Starbar is a brand of chocolate bar manufactured by Cadbury. The bar has chocolate covering and is filled with caramel and crushed roasted peanuts. The product is sold in the United Kingdom, and also in Canada and Germany under the name Wunderbar.

==History==
The Star Bar was launched in 1976. It was accompanied by a space-themed TV advert by Richard Williams Animation Studio, London with the tagline "...next time you're having an energy crisis". The bar was later promoted as "the munchiest bar ever". It was also promoted in the UK in the mid-1980s with a postal offer (3 wrappers plus P+P could be turned in for a Starbar Ruler, Pencil and a copy of Douglas Adams' The Restaurant at the End of the Universe).

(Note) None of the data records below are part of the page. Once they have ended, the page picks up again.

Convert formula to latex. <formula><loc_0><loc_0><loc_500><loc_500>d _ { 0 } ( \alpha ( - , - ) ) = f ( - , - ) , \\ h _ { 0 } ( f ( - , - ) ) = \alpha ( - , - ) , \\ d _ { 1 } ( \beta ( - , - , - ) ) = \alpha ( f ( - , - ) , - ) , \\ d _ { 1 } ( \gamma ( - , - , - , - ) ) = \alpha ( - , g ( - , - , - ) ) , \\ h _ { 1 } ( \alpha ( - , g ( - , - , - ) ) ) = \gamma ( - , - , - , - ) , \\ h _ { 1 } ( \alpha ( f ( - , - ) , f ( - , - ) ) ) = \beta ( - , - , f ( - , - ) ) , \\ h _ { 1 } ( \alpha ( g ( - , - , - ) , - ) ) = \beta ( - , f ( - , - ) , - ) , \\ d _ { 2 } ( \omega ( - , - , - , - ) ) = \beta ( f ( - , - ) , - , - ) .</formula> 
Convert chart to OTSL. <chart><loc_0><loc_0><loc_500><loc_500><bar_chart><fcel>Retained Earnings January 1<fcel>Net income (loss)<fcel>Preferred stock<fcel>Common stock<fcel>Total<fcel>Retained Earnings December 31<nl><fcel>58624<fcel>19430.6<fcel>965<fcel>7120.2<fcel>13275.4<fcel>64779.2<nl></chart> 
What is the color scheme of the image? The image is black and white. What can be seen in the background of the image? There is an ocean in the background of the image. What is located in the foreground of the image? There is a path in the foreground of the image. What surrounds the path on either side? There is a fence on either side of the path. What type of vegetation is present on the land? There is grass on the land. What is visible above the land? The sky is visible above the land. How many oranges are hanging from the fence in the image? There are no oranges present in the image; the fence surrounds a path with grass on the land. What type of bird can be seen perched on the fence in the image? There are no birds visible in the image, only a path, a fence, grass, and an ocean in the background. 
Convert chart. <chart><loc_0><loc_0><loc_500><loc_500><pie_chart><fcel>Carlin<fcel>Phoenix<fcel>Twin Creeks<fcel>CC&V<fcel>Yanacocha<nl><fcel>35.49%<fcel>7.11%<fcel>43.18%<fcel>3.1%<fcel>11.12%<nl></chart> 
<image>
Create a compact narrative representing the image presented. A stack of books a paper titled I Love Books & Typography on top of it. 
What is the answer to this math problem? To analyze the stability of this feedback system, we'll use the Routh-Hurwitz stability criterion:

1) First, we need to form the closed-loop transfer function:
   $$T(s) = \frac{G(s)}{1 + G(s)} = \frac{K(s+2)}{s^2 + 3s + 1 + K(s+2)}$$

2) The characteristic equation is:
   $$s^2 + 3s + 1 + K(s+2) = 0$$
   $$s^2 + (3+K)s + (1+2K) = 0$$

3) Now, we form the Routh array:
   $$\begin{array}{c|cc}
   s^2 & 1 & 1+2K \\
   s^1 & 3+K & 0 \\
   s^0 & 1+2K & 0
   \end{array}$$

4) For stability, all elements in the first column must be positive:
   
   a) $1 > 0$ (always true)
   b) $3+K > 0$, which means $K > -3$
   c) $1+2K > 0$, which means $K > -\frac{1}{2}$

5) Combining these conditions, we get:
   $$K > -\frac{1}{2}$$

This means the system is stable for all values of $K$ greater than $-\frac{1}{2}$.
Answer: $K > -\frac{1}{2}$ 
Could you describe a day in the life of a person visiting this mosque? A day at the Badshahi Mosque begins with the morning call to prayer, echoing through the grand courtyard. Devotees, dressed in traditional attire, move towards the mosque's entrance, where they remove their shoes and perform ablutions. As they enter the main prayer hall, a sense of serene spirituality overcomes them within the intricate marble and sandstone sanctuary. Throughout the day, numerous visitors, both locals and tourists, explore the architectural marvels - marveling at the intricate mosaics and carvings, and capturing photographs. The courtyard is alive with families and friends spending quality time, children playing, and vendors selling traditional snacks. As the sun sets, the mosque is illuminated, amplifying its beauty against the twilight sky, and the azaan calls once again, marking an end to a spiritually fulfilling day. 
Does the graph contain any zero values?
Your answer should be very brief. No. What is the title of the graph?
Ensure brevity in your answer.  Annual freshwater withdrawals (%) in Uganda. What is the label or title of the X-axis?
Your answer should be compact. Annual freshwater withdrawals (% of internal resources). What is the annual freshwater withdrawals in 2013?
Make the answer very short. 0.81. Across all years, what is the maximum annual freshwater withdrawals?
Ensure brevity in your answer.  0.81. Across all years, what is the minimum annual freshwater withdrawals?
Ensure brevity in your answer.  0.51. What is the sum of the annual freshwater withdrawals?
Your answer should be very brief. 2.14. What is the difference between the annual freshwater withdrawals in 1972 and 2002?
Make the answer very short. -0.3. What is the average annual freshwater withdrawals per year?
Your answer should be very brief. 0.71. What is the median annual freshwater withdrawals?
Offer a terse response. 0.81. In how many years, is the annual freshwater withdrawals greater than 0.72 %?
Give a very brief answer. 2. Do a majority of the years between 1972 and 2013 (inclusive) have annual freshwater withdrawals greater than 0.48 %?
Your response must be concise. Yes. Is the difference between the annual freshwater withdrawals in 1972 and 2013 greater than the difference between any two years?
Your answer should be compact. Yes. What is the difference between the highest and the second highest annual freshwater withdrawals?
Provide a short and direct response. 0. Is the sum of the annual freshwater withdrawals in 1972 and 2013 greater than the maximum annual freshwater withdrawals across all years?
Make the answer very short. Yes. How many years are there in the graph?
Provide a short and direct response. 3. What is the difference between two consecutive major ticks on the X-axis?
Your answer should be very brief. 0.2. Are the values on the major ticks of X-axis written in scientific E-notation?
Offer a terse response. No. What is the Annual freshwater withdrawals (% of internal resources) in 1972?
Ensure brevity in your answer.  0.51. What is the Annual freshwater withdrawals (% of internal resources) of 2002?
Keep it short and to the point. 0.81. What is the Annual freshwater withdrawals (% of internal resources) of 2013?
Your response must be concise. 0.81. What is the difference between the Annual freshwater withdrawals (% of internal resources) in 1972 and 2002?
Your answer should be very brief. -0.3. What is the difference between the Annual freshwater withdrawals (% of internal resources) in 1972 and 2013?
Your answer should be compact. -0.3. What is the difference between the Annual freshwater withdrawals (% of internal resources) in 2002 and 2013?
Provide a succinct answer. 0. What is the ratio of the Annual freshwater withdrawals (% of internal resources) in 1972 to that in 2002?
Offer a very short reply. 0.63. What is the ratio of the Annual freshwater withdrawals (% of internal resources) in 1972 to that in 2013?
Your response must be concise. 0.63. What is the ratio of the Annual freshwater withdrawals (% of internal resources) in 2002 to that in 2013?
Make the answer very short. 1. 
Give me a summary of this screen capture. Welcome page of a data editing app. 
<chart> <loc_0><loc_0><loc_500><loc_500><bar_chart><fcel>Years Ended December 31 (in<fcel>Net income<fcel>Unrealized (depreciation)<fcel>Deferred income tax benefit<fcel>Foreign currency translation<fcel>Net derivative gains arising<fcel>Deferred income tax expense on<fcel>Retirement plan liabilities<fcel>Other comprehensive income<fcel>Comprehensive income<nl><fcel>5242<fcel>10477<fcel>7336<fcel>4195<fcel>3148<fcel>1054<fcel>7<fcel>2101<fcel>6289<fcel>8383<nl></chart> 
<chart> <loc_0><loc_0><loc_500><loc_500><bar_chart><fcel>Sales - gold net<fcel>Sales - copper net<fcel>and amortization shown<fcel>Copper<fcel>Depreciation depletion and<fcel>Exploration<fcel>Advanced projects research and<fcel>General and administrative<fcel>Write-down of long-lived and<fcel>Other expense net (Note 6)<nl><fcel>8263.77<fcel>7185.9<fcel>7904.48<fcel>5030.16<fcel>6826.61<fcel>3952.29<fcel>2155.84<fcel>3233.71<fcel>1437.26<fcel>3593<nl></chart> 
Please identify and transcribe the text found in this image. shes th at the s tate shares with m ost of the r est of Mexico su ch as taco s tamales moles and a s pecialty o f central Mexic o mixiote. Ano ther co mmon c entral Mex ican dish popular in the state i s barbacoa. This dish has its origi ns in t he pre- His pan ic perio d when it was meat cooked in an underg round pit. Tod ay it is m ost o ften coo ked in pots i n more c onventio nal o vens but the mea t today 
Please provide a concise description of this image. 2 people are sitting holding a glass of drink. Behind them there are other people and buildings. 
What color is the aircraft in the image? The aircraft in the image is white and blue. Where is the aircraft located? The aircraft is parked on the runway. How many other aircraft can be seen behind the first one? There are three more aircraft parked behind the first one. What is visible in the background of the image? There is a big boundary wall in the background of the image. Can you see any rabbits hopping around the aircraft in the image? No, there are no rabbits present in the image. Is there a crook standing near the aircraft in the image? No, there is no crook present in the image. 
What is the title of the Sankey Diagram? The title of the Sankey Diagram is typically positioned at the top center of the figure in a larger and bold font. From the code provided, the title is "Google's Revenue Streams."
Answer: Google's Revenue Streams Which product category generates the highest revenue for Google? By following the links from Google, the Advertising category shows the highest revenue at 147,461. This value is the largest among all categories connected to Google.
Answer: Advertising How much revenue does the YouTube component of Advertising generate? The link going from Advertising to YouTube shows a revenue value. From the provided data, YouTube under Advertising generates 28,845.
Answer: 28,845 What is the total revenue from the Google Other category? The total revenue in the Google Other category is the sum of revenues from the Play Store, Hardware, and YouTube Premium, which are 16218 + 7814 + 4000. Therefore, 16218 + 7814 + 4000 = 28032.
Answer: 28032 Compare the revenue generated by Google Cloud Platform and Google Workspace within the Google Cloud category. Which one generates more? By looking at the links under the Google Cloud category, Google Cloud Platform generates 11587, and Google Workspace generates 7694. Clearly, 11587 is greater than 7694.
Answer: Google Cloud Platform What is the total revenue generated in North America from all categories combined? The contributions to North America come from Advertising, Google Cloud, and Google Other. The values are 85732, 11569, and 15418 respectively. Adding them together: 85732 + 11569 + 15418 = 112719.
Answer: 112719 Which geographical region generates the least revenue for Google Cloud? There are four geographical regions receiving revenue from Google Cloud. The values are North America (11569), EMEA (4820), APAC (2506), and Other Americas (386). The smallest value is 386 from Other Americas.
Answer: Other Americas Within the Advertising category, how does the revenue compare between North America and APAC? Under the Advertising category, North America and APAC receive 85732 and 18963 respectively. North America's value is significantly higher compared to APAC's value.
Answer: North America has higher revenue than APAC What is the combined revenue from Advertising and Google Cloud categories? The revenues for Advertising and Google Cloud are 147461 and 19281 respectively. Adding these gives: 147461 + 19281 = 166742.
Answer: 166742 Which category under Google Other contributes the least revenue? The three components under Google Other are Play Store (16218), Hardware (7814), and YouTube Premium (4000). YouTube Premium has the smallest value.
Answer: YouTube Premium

In 1989, it briefly became a peanut version of the Boost, only to return to Starbar (now written as one word) in 1994.

Canadian and German version of the Starbar, branded "Wunderbar" in a package of mini bite-size pieces

In Canada and Germany, Wunderbar is a Cadbury Adams product marketed under the license of Cadbury UK Limited. It is also available in a package of "minis" and in a 12 g (½ oz) size for Halloween.

Since January 2012, Starbars have been available in the Nordic countries, manufactured by Marabou Sweden (owned by Mondelēz International which also owns Cadbury).

Starbar was introduced to Australia in November 2012 (made in Ireland); however, it is no longer available and no longer listed on the Cadbury Australia website.